Some questions to ask yourself if you want to be a data scientist

Print Friendly, PDF & Email
Rate this post

Last October, the Harvard Business Review published an article called “Data Scientist: The Sexiest Job of the 21st Century.” I could virtually hear the rejoicing in the work hallways of analysts, mathematicians, statisticians, and computer scientists everywhere. At last, recognition!

While it is debatable in this case if the job really is sexy or even hip and will make you either, there’s really no question that the rise of analytics and big data are making these skills increasingly in demand. Is this the right job for you?

A good place to start to understand what is needed to be a data scientist is at the INFORMS Analytics Certification website. It costs money to get this, but the program information gives you an idea of the kinds of questions on the test, the sorts of case studies with which you should be comfortable, and the books and websites you can use for further learning.

In a more informal way, let me here ask some questions you should answer about yourself and your knowledge to see if this is a career or job you might consider. I’ve included a few technical questions to encourage you to learn more about some of the disciplines involved.

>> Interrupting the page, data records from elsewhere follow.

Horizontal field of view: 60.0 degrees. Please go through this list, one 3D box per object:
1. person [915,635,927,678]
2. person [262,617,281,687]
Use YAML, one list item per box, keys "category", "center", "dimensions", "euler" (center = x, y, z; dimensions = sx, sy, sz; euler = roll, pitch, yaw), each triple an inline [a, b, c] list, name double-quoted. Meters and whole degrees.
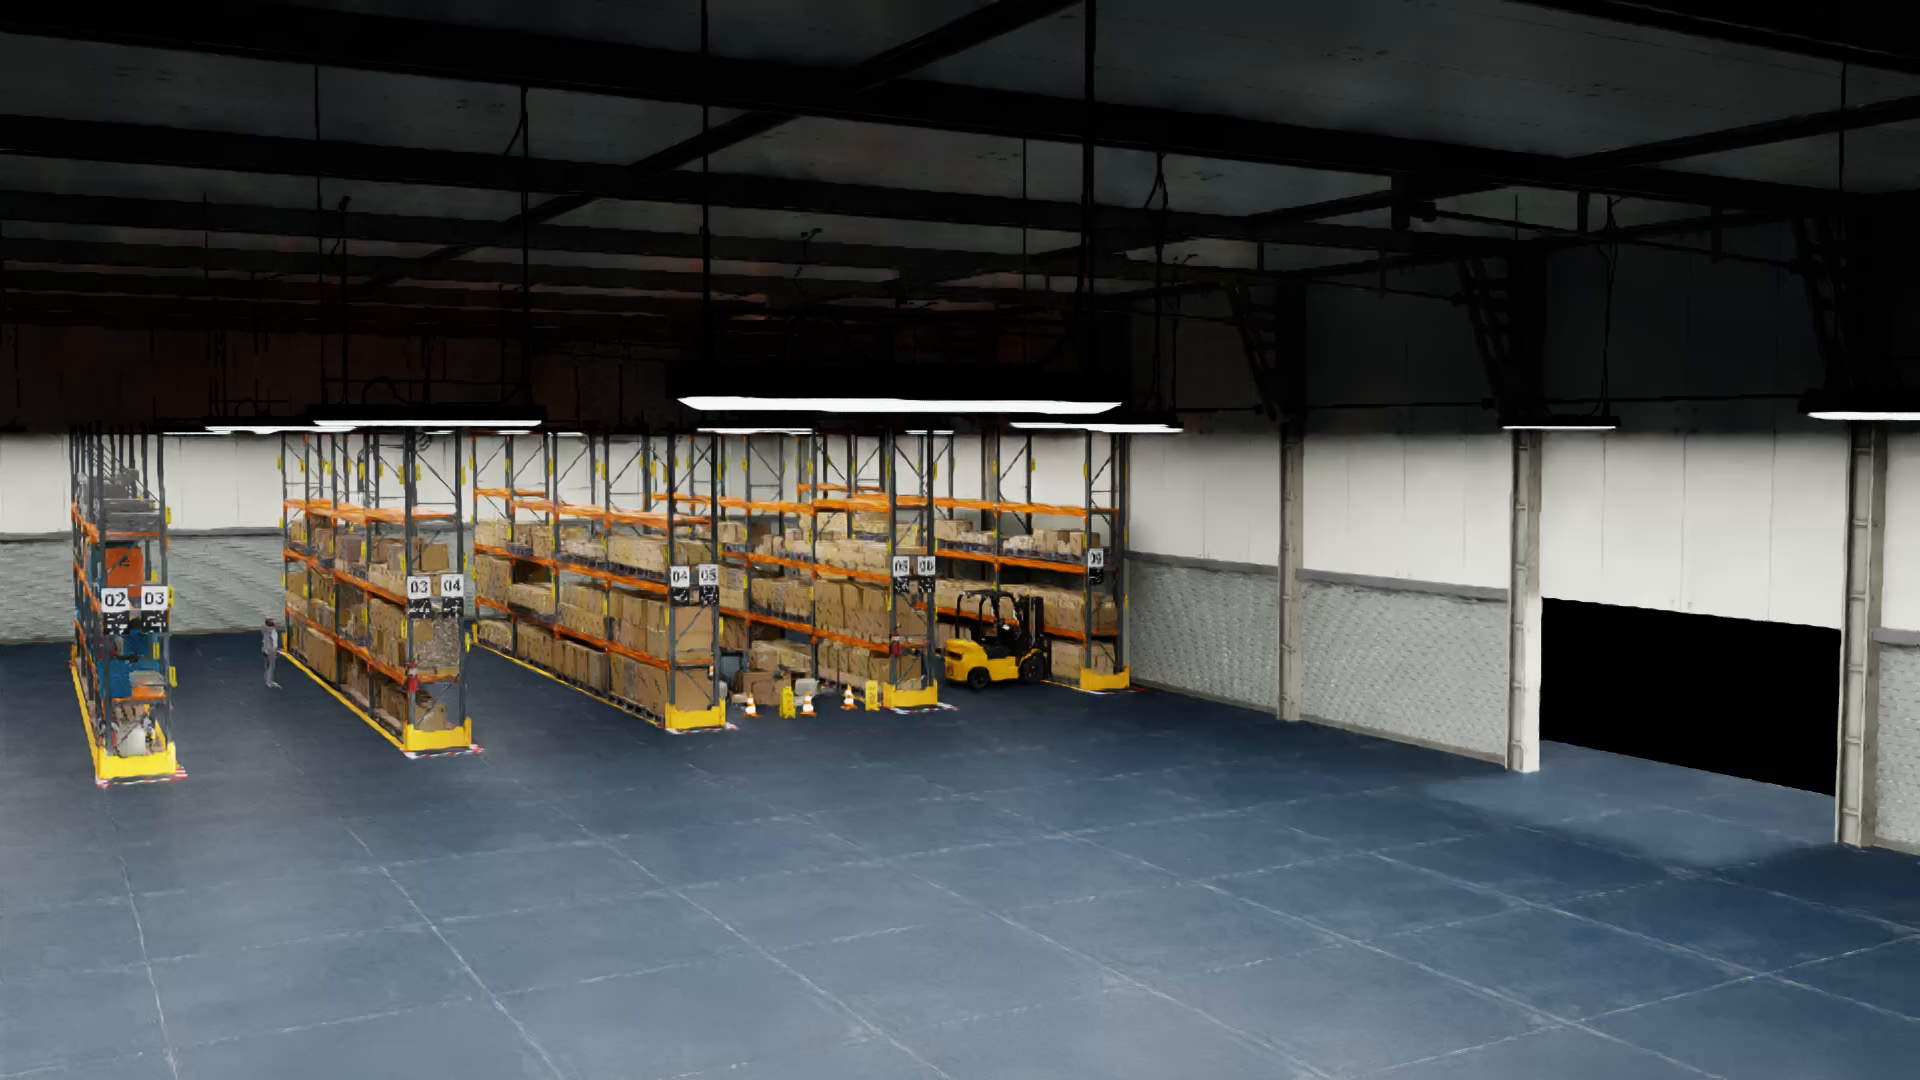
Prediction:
- category: "person"
  center: [-1.001, 2.471, 39.529]
  dimensions: [0.450, 1.599, 0.467]
  euler: [0, 4, 1]
- category: "person"
  center: [-15.773, 2.561, 38.079]
  dimensions: [0.469, 1.598, 0.399]
  euler: [2, 4, 28]

  • Do you suffer from math anxiety? Does solving equations, working with matrices, or making sense of table or graphs scare you? If so, this probably is not the field for you.
  • Are you comfortable with statistics? Could you in your spare time over the next month do what would equate to a first, solid, mathematically sound statistics course? Would you get an A for your efforts? You’ll need statistics to understand the data and to give yourself sanity checks about the conclusions you are drawing.
  • Is Microsoft Excel or OpenOffice Calc your favorite tool in your office productivity suite? Doing real analytics and big data often goes well beyond what you can do in a spreadsheet, but if this kind of software terrifies you, data science might not be a good match.
  • Do you know how services like Netflix choose what movies you would like to watch? Make an educated guess and then go learn some of the techniques. I won’t give you a reference, go explore what you find on the net.
  • Do you understand the differences between descriptive, diagnostic, predictive, and prescriptive analytics? Where does optimization fall among these?
  • Do you like saying the word “stochastic”? Do you know what it means?
  • Who was Andrey Markov and what was his obsession with chains?
  • What criteria and analysis would you use to predict who will win the next World Series, Super Bowl, or World Cup?
  • Under what situations would you use Hadoop, Hive, HBase, Pig, SPSS, R, or CPLEX?
  • How would you go about constructing your personal profile from all the public data about you on the web? This could be from yourself (e.g., your Twitter feed) or produced by others. Include your gender, your approximate age and income, the town in which you live, the high school to which you went, your hobbies, the name of your significant other, the number of children you have, your favorite color, your favorite sport, your best friend’s name, and the color of your hair. Does this scare you?
  • When can Twitter add to your insight about marketing campaigns and when does it just add unnecessary noise?

This is by no means an exhaustive list, but if these topics intrigue you, you have or are willing to get the technical background, and you know who Nate Silver is, you just might have a career in data science.